- Browns Valley Township Location within the state of Minnesota Browns Valley Township Browns Valley Township (the United States)
- Coordinates: 45°32′55″N 96°42′19″W﻿ / ﻿45.54861°N 96.70528°W
- Country: United States
- State: Minnesota
- County: Big Stone

Area
- • Total: 48.9 sq mi (126.6 km^{2})
- • Land: 47.6 sq mi (123.2 km^{2})
- • Water: 1.3 sq mi (3.4 km^{2})
- Elevation: 1,106 ft (337 m)

Population (2000)
- • Total: 438
- • Density: 9.3/sq mi (3.6/km^{2})
- Time zone: UTC-6 (Central (CST))
- • Summer (DST): UTC-5 (CDT)
- FIPS code: 27-08182
- GNIS feature ID: 0663683

= Browns Valley Township, Big Stone County, Minnesota =

Township in Minnesota, United States

Browns Valley Township is a township in Big Stone County, Minnesota, United States. The population was 438 as of the 2000 census.

==History==
Browns Valley Township was organized in 1880. It was named for Joseph R. Brown.

==Geography==
According to the United States Census Bureau, the township has a total area of 48.9 sqmi, of which 47.6 sqmi is land and 1.3 sqmi (2.68%) is water.

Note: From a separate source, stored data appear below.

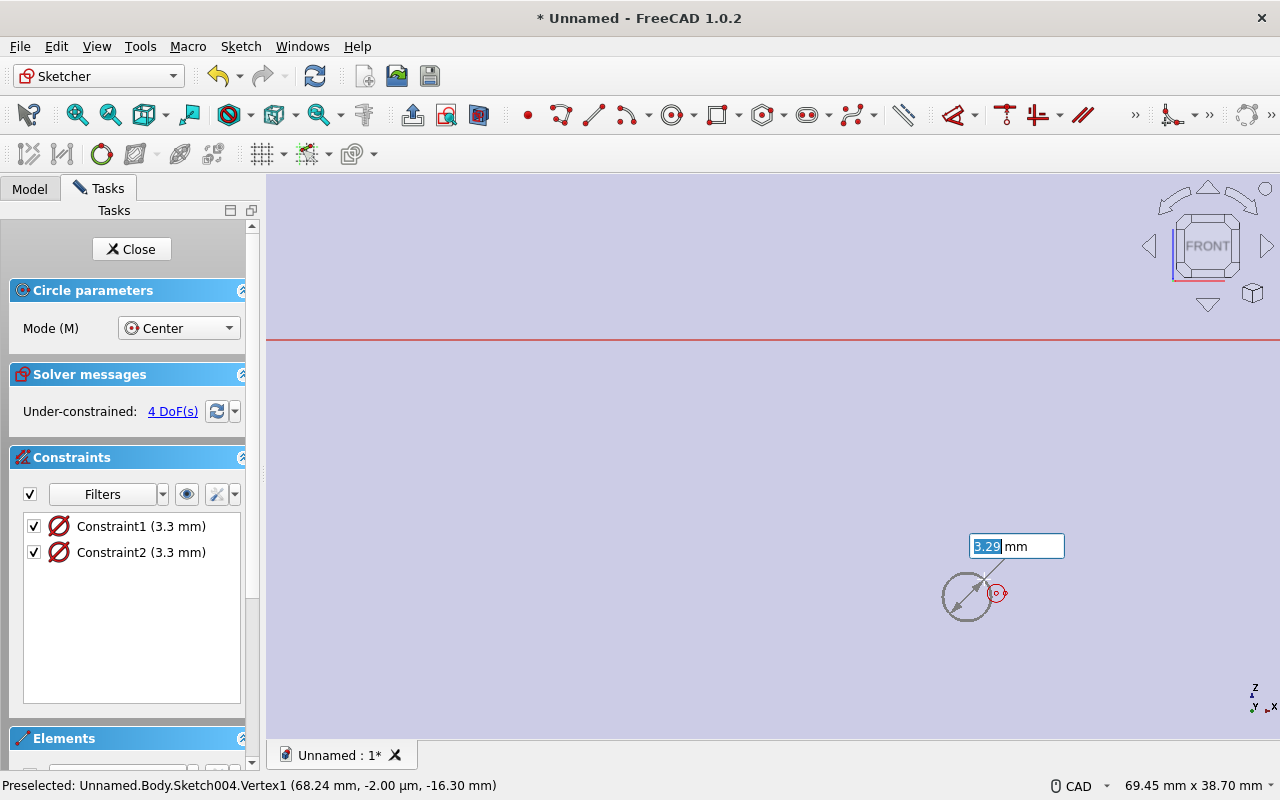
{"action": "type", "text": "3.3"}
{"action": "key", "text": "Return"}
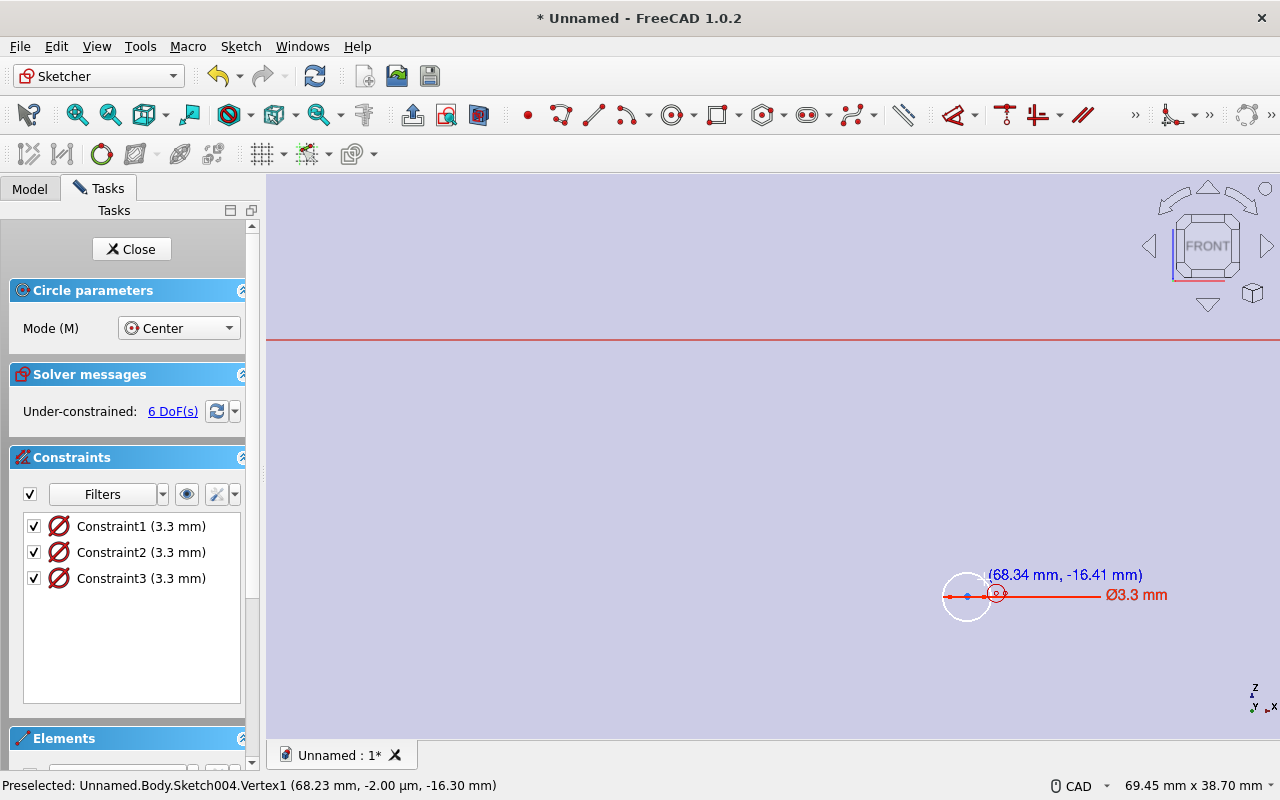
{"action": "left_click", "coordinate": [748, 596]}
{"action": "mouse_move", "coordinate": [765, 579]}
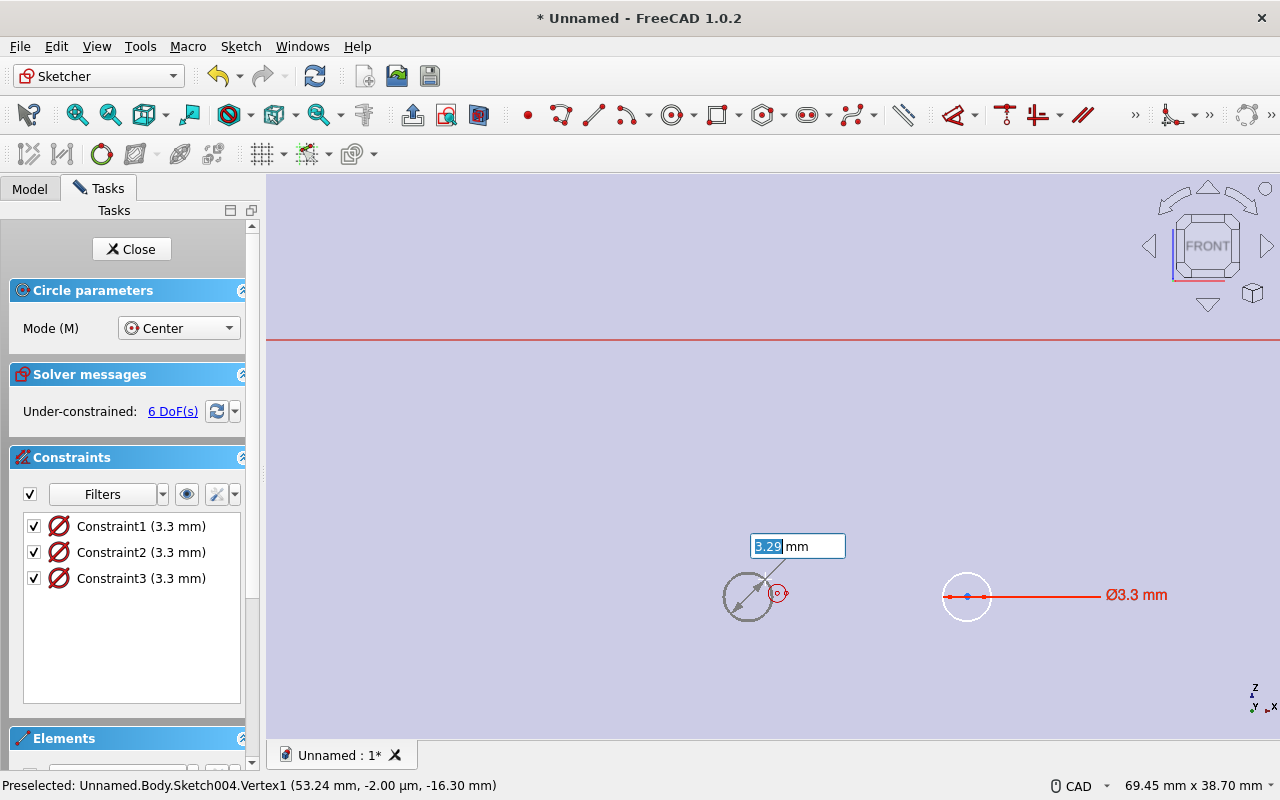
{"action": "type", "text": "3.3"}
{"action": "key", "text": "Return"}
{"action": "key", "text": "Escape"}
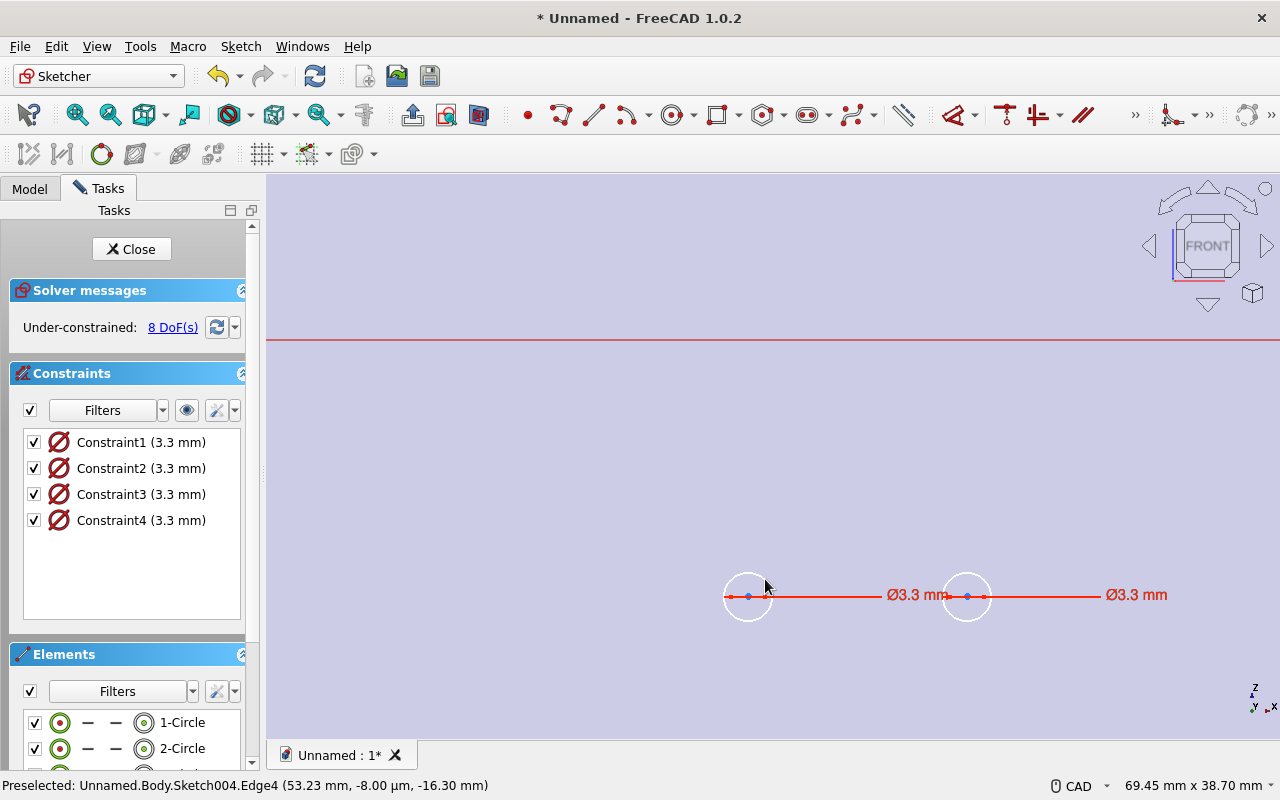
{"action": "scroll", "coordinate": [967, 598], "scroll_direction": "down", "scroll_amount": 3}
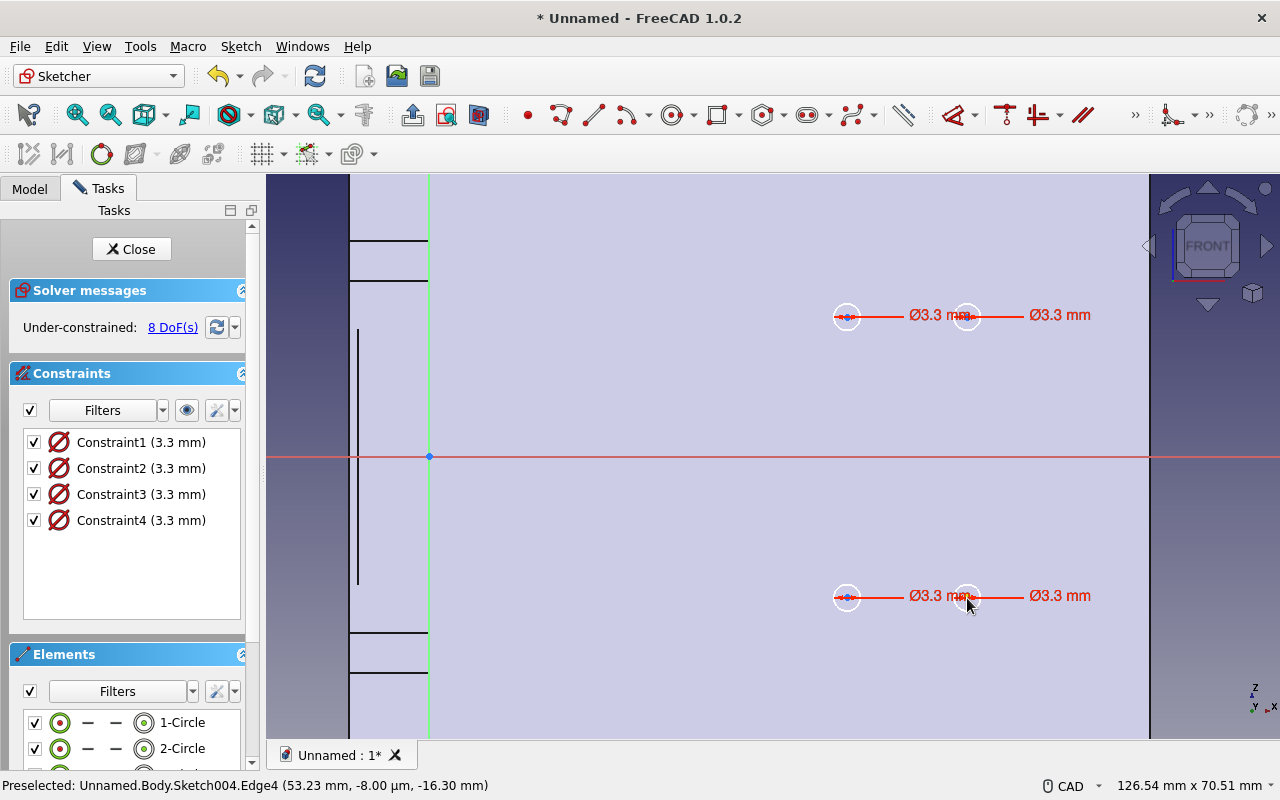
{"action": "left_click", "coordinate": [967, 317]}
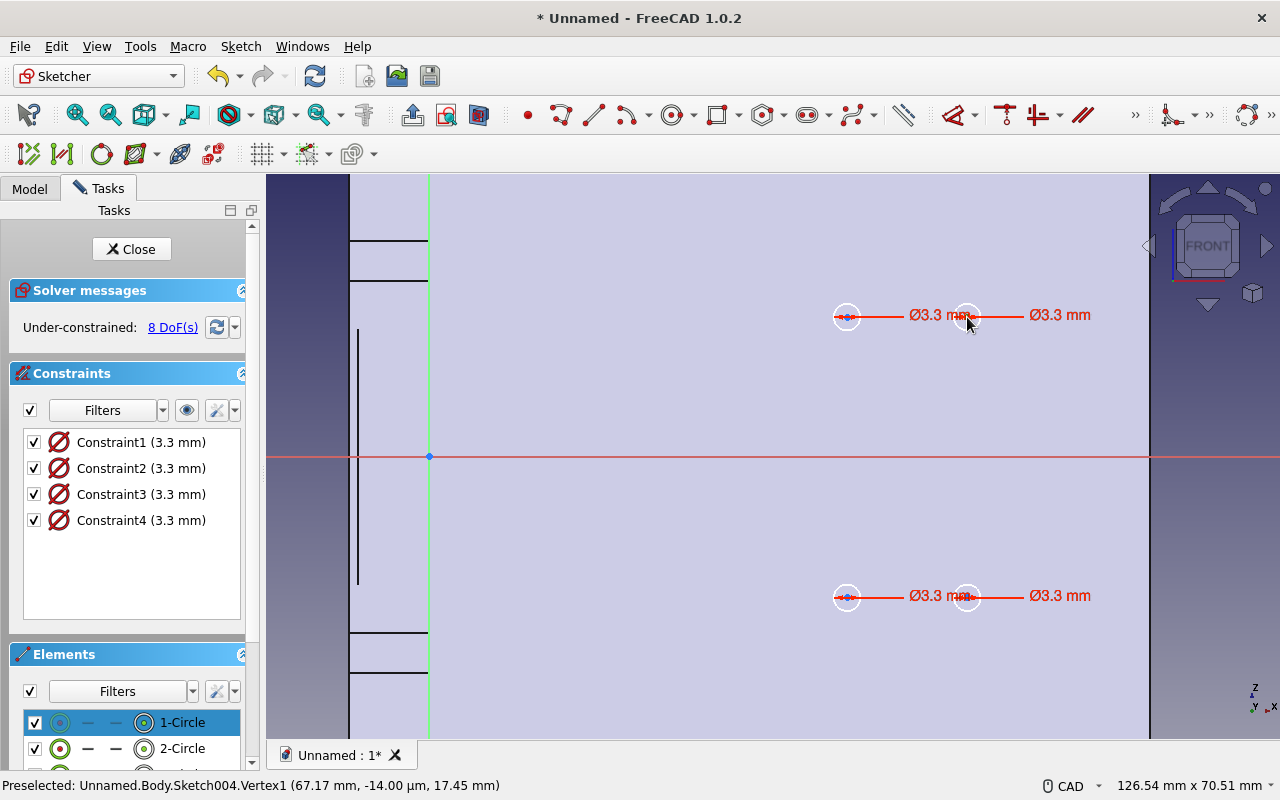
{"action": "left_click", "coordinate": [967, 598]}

===Cities, towns, villages===
- Beardsley

===Major highways===
- Minnesota State Highway 7
- Minnesota State Highway 28

===Lakes===
- Big Stone Lake (northwest edge)

===Adjacent townships===
- Arthur Township, Traverse County (north)
- Parnell Township, Traverse County (northeast)
- Toqua Township (east)
- Prior Township (southeast)
- Foster Township (south)
- Folsom Township, Traverse County (northwest)

===Cemeteries===
The township contains these three cemeteries: Beardsley, Midway and Saint Mary.

==Demographics==
As of the census of 2000, there were 438 people, 183 households, and 120 families residing in the township. The population density was 9.2 people per square mile (3.6/km^{2}). There were 215 housing units at an average density of 4.5/sq mi (1.7/km^{2}). The racial makeup of the township was 99.77% White and 0.23% Native American. Hispanic or Latino of any race were 0.68% of the population.

There were 183 households, out of which 32.2% had children under the age of 18 living with them, 56.3% were married couples living together, 6.0% had a female householder with no husband present, and 34.4% were non-families. 32.8% of all households were made up of individuals, and 20.8% had someone living alone who was 65 years of age or older. The average household size was 2.39 and the average family size was 3.07.

In the township the population was spread out, with 28.1% under the age of 18, 3.9% from 18 to 24, 25.1% from 25 to 44, 22.6% from 45 to 64, and 20.3% who were 65 years of age or older. The median age was 40 years. For every 100 females, there were 90.4 males. For every 100 females age 18 and over, there were 95.7 males.

The median income for a household in the township was $28,571, and the median income for a family was $35,000. Males had a median income of $25,781 versus $18,750 for females. The per capita income for the township was $15,312. About 10.2% of families and 14.7% of the population were below the poverty line, including 22.7% of those under age 18 and 11.0% of those age 65 or over.